February 21, 2026

Twenty-Seven Boys. One Morning. A Beginning

Share this

Twenty-Seven Boys Chose a Different Path, Kwetu Home of Peace

On the 29th of January, we welcomed twenty-seven boys into our programme at Madaraka. This is what that day looked like and what it took to get there.

We want to be honest about something. The morning of 29th January did not feel like a celebration. It felt like responsibility.
Twenty-seven boys, aged between eight and fourteen, arrived at our Madaraka Centre. Some came quietly. Some were visibly unsettled. A few had that particular look we have come to recognise over the years – part relief, part wariness of a child who wants to trust but has not yet decided if it is safe to do so.

We have been doing this work since 1993. We know that welcoming a child in is only the beginning, and that the beginning is often the most delicate part.

The work that led to January 29th started long before January 29th.

Our social worker had been visiting these boys on the streets over a sustained period. Not once. Not twice. Week after week, building familiarity, answering questions, listening more than talking. He has spent years cultivating relationships with local police officers too, which matters more than people might expect. When a child is ready to come in, the process involves formal registration at the nearest police station every child receives an OB number, a legal record that says: this child exists, this case is documented, someone is accountable.

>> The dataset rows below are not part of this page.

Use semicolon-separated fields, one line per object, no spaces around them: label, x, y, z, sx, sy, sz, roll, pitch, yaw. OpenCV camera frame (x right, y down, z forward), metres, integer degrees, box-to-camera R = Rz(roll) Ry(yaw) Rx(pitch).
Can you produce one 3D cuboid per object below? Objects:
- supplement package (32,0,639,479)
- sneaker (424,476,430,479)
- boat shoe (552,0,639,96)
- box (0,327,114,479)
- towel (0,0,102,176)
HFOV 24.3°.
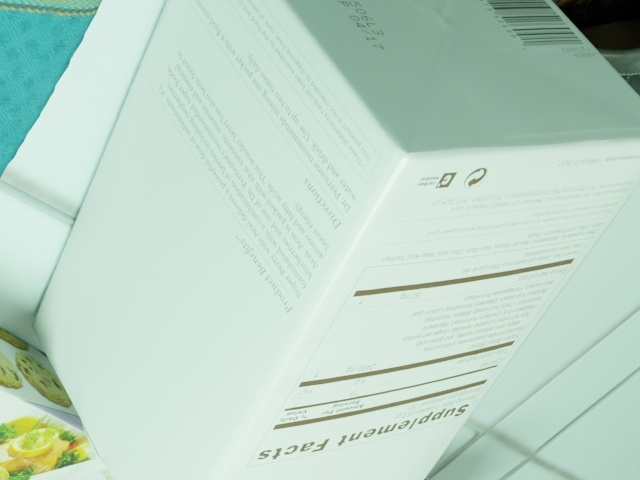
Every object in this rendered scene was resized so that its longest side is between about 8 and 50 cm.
supplement package;0.000;0.000;0.760;0.175;0.177;0.293;-7;140;-39
sneaker;0.048;0.244;1.172;0.101;0.153;0.268;-42;149;12
boat shoe;0.222;-0.139;0.874;0.233;0.084;0.079;-22;148;-15
box;-0.202;0.072;0.777;0.063;0.067;0.324;-38;148;4
towel;-0.170;-0.147;0.532;0.271;0.040;0.370;1;133;-45
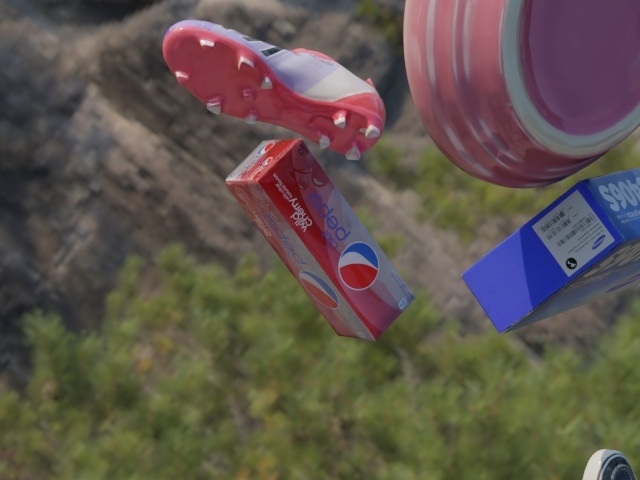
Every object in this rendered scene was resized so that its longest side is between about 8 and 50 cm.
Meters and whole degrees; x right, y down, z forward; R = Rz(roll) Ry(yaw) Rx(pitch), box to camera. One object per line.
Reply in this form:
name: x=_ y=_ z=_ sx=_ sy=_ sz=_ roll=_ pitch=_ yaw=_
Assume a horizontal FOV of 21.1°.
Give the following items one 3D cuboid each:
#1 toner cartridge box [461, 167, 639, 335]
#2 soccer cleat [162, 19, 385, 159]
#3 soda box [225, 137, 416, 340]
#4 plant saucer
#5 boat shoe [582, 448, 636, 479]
toner cartridge box: x=0.295 y=-0.002 z=1.748 sx=0.348 sy=0.165 sz=0.075 roll=-13 pitch=67 yaw=-57
soccer cleat: x=-0.045 y=-0.159 z=1.671 sx=0.248 sy=0.083 sz=0.095 roll=22 pitch=40 yaw=-24
soda box: x=0.000 y=0.000 z=2.106 sx=0.263 sy=0.083 sz=0.092 roll=53 pitch=-24 yaw=-21
plant saucer: x=0.220 y=-0.203 z=1.534 sx=0.332 sy=0.332 sz=0.084 roll=18 pitch=1 yaw=-43
boat shoe: x=0.334 y=0.330 z=1.829 sx=0.078 sy=0.070 sz=0.219 roll=-9 pitch=91 yaw=-36
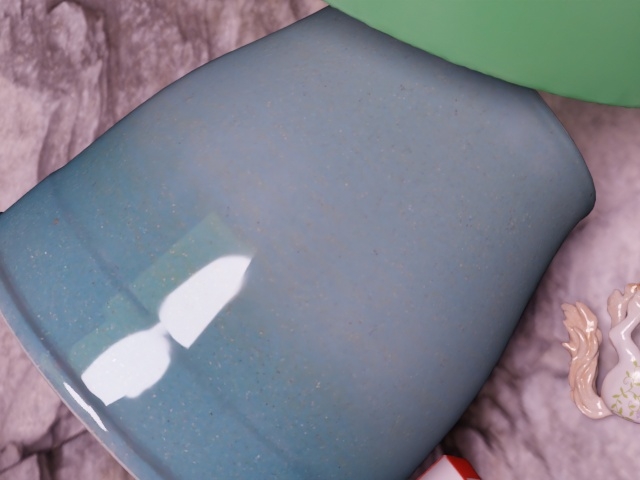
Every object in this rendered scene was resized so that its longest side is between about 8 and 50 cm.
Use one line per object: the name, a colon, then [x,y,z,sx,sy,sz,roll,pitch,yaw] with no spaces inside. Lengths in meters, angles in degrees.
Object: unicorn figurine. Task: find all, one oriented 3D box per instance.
unicorn figurine: [0.210,0.077,0.504,0.161,0.060,0.111,-5,73,44]

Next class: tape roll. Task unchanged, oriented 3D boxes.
tape roll: [0.090,-0.191,0.498,0.321,0.321,0.077,48,133,31]

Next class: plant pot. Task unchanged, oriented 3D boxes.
plant pot: [0.000,0.000,0.525,0.255,0.271,0.272,-44,59,1]

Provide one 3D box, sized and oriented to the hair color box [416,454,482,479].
hair color box: [0.051,0.201,0.554,0.141,0.043,0.072,-44,59,9]
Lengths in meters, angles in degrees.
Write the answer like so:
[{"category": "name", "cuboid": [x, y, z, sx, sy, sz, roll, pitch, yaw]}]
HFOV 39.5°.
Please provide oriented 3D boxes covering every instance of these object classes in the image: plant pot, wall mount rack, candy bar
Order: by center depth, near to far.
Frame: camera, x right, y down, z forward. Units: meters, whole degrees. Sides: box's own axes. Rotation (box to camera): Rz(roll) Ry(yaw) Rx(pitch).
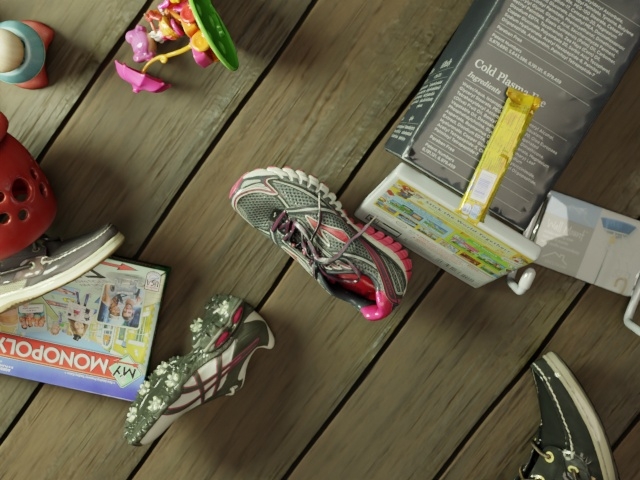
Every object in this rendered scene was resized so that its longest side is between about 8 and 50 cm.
[{"category": "candy bar", "cuboid": [0.199, -0.094, 1.012, 0.040, 0.018, 0.161, 24, 98, 0]}, {"category": "plant pot", "cuboid": [-0.489, -0.081, 1.239, 0.191, 0.191, 0.174, -17, 124, 2]}, {"category": "wall mount rack", "cuboid": [0.431, -0.035, 1.312, 0.350, 0.130, 0.304, 19, 98, -4]}]

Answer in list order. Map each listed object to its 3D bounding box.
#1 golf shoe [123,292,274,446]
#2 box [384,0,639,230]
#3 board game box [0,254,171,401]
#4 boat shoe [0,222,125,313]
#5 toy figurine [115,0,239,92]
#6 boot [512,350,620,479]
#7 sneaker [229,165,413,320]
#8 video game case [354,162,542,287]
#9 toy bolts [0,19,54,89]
[{"category": "golf shoe", "cuboid": [-0.180, 0.212, 1.340, 0.120, 0.105, 0.273, 43, 84, -26]}, {"category": "box", "cuboid": [0.246, -0.205, 1.177, 0.179, 0.343, 0.312, 30, 98, -3]}, {"category": "board game box", "cuboid": [-0.407, 0.111, 1.367, 0.317, 0.046, 0.214, 12, 97, -2]}, {"category": "boat shoe", "cuboid": [-0.422, 0.035, 1.283, 0.285, 0.103, 0.092, -25, 103, 8]}, {"category": "toy figurine", "cuboid": [-0.225, -0.288, 1.287, 0.159, 0.130, 0.173, -25, 76, 12]}, {"category": "boot", "cuboid": [0.307, 0.383, 1.376, 0.284, 0.138, 0.377, -18, 104, 2]}, {"category": "sneaker", "cuboid": [0.000, 0.000, 1.300, 0.299, 0.112, 0.121, 31, 131, -4]}, {"category": "video game case", "cuboid": [0.175, -0.015, 1.280, 0.227, 0.206, 0.026, 31, 71, -5]}, {"category": "toy bolts", "cuboid": [-0.504, -0.247, 1.254, 0.228, 0.158, 0.218, 4, 98, -1]}]
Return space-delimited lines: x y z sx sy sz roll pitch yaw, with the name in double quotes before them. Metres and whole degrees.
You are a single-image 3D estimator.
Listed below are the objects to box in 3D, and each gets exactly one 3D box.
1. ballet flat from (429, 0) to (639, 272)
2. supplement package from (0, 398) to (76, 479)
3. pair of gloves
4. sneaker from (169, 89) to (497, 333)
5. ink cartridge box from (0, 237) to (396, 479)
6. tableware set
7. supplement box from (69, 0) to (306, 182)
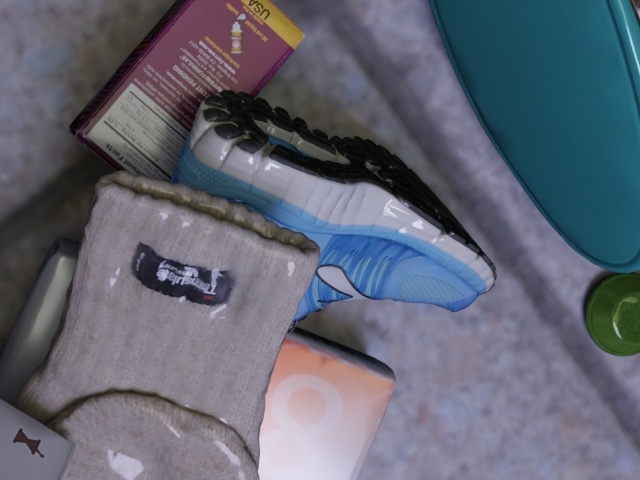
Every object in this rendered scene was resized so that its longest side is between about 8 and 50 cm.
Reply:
"ballet flat" 0.077 -0.155 0.488 0.124 0.116 0.342 -39 101 -27
"supplement package" -0.201 0.139 0.355 0.149 0.194 0.203 33 112 -9
"pair of gloves" -0.134 0.052 0.440 0.240 0.042 0.204 13 114 0
"sneaker" 0.000 0.000 0.488 0.162 0.063 0.073 21 114 -42
"ink cartridge box" -0.071 0.106 0.503 0.145 0.045 0.179 22 89 -15
"tableware set" 0.190 0.003 0.569 0.104 0.024 0.154 38 88 -12
"supplement box" -0.051 -0.059 0.481 0.043 0.055 0.083 41 87 -15
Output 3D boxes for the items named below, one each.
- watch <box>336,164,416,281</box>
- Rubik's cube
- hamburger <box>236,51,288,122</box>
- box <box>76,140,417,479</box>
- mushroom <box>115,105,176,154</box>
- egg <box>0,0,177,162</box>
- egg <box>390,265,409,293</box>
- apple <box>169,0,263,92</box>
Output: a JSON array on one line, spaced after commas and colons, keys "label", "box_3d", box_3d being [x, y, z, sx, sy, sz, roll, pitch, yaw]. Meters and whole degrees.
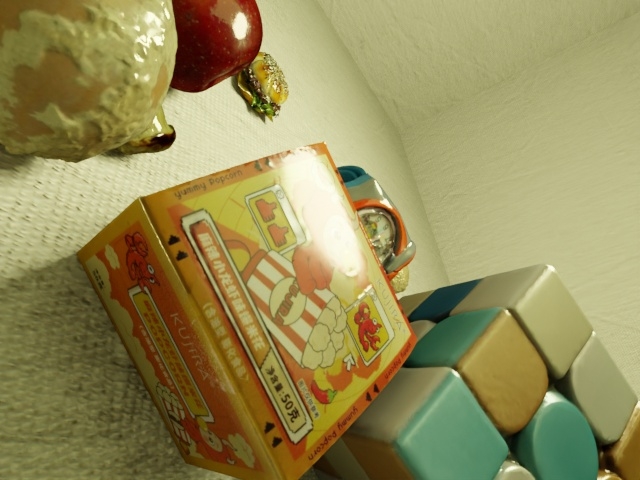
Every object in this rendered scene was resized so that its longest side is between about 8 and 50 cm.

It is not glamorous work, but it is necessary, and she does it with a consistency that makes the whole process possible.

Getting twenty-seven boys to agree to come in on the same morning is not a small thing. Each of them had to decide, individually, that this was worth trying.

“I have stayed for three days without showering. I am glad I have a place to even sleep out of the streets.”

One of the boys said that shortly after he arrived. He wasn’t performing. He wasn’t trying to move anyone. He was just stating a fact, and in that fact, telling us everything we needed to hear about what these children’s lives looked like before they walked through our doors.

Others expressed something similar in their own ways. Gratitude for a bed. For a bathroom. For bedding that was waiting for them. These are things that are easy to take for granted, and we do not take lightly the moment when a child encounters them, sometimes for the first time in a very long time, and understands that someone has prepared this space with them in mind.

The day itself was not without difficulty. A room full of children’s officers, board members, partners, and volunteers is an unfamiliar environment for a boy who has spent months or years navigating the streets on his own terms. Structure, for a child used to an entirely unstructured life, does not always feel like safety at first. It can feel like pressure. Like surveillance. Like something to push back against.

Some of the boys were not at ease during the process, and we did not pretend otherwise. Our team is trained to read that, to give space without withdrawing presence, to allow a child to feel what they feel without making it a problem. This is part of the work too.

Of the twenty-seven who came in that day, three have since relapsed. We share that figure not to diminish what happened, but because we think our supporters deserve honesty. Moving from an unstructured life to a structured one is genuinely hard. Three percent is not a failure rate. It is a reality rate, and for those three boys, our door remains open and our relationship with them continues.

The twenty-four who remain are now in rehabilitation at Madaraka. The days ahead will involve informal learning, psychosocial support, and the slow work of helping each child reconnect with who they are beyond the streets. We will also be working to locate their families — because our goal has never been to keep children at Kwetu. It is to return them home, and to make sure home is ready to receive them.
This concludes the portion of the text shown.